This example determines the kinetics and affinity of various anti-MIGIS-α antibodies at 37° C. All experiments were performed on a BIAcore T200 surface plasmon resonance biosensor (Cytiva Global Life Sciences Solutions USA LLC 1209 Orange Street, Wilmington DE 19801, United States). The sensor chip surface (sample and reference flow cells) was initially conditioned with three consecutive 30 second pulses of 50 mM NaOH at a flow rate of 10 mL/min, followed by HBS-EP+ (10 mM HEPES, 150 mM NaCl, 0.05% v/v Surfactant P20, pH 7.4) buffer injection. Biotinylated human MIGIS-α peptide at a concentration of 1 mg/mL, was captured on the chip at a flow rate of 10 mL/min for 30 seconds (obtaining 290 RUs), while biotinylated cyno MIGIS-α peptide, was captured at a flow rate of 10 mL/min for 45 seconds at a concentration of 1 mg/mL (obtaining 284 RUs).
The analysis temperature for capture was 37° C. and the running buffer used was HBS-EP+. For multi-cycle kinetic analysis, the anti-MIGIS-α OAAs (analyte) were each diluted to a concentration of 5 nM in HBS-EP+, with 2-fold serial dilutions over 5 concentrations. Analyte was injected at a flow rate of 70 mL/min with association and dissociation times of 120 seconds and 180 seconds respectively.

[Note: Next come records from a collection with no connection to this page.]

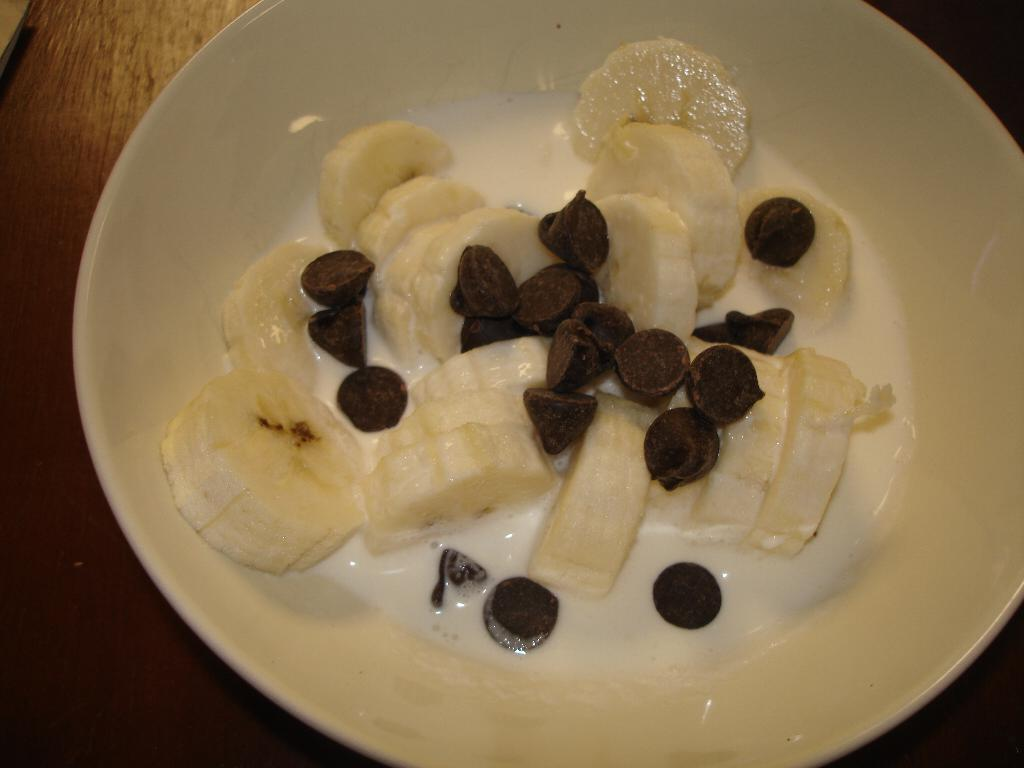What is in the bowl that is visible in the image? The bowl contains sliced bananas, chocolate chips, and milk. Where is the bowl located in the image? The bowl is placed on a table. In what type of setting is the image taken? The image is taken in a room. How many boys are present in the image? There are no boys present in the image; it only features a bowl with sliced bananas, chocolate chips, and milk on a table in a room. 
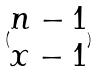<formula> <loc_0><loc_0><loc_500><loc_500>( \begin{matrix} n - 1 \\ x - 1 \end{matrix} )</formula> 
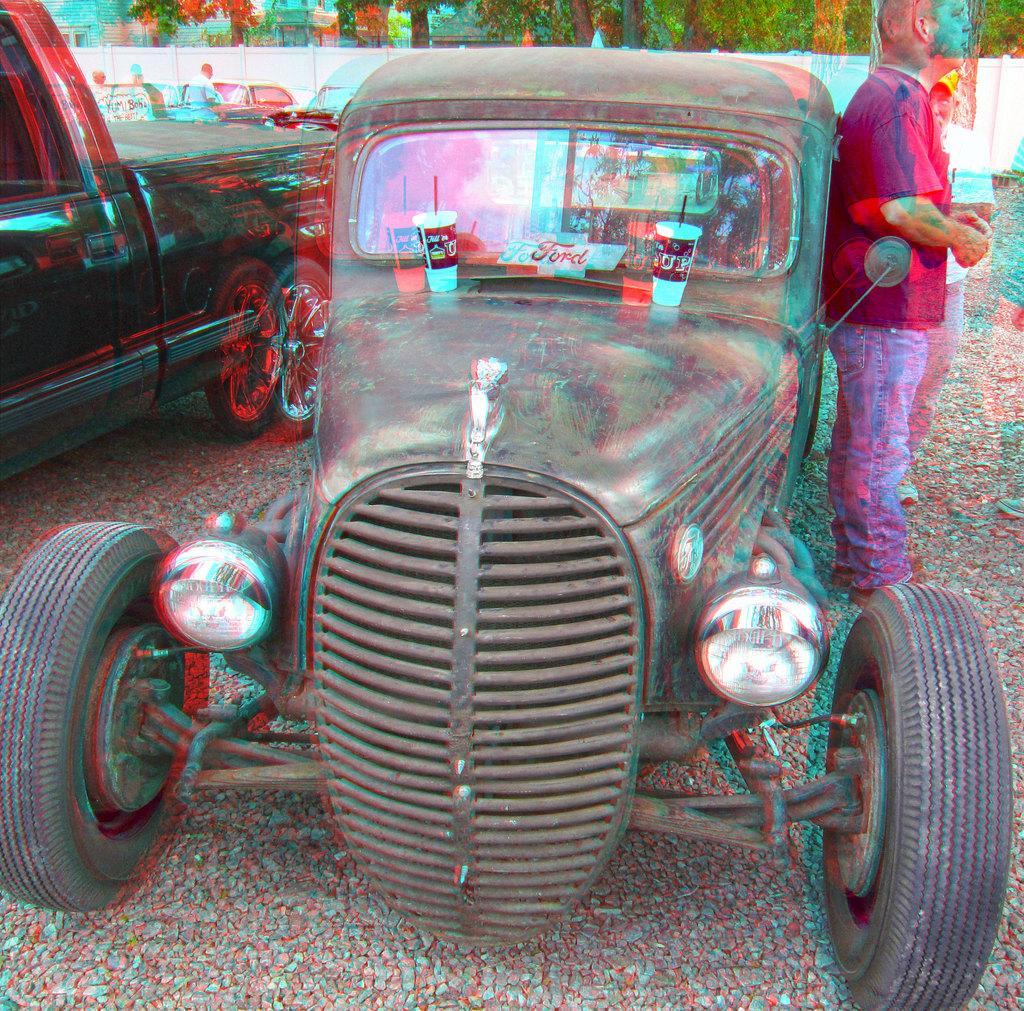Can you describe this image briefly? There is a person standing, near a vehicle, on which, there are two glasses arranged on the road. Beside him, there is another person standing on the road. Beside this vehicle, there are other vehicles and persons standing on the road. In the background, there is a white wall, there are trees and other objects.

Chip regeneration was achieved by flowing 10 mM NaOH for 30 seconds at 10 mL/min. The sensorgrams were double-referenced and fit to a 1:1 Langmuir kinetics model using Biacore Insight Evaluation 3.0.12.15655 (Cytiva Global Life Sciences Solutions USA LLC 1209 Orange Street, Wilmington DE 19801, United States). Kinetics and affinity parameters are shown in Table 13. GBT-IgA-0070 (H05 in one arm antibody format), with apparent KD ˜210 nM for human MIGIS-α peptide (and ˜56 nM for cyno MIGIS-α peptide) was affinity optimized to deliver the prioritized clone T18. T18 in one armed format (GBT-IgA-0071), delivered approximately 20-fold improved affinity for human MIGIS-α (app KD 10.7 nM), and 5-fold improved binding against cyno MIGIS-α (app KD 11.9 nM). T18 was further affinity optimized, leading to generation of GBT-IgA-0862. In one armed format (GBT-IgA-0752), this delivered ˜16-fold affinity gains over T18 with KD of 0.665 nM for human MIGIS-α. Similar affinity improvements were achieved on cyno MIGIS-α peptide with ˜14-fold affinity gain, with app KD of 0.795 nM. GBT-IgA-0752 was further optimized for developability characteristics (outlined in Example 8) with a slight affinity cost generating the lead molecule GBT-IgA-1091 (OAA name), with KD measured at 2.1 nM and 2.5 nM against human & cyno MIGIS-α peptide respectively (Table 13). Binding characterization by SPR of the anti-CD3 binding arm (h2B5v6) in BMD-IgA-1156 had apparent KD 17 nM on recombinant human CD3 epsilon.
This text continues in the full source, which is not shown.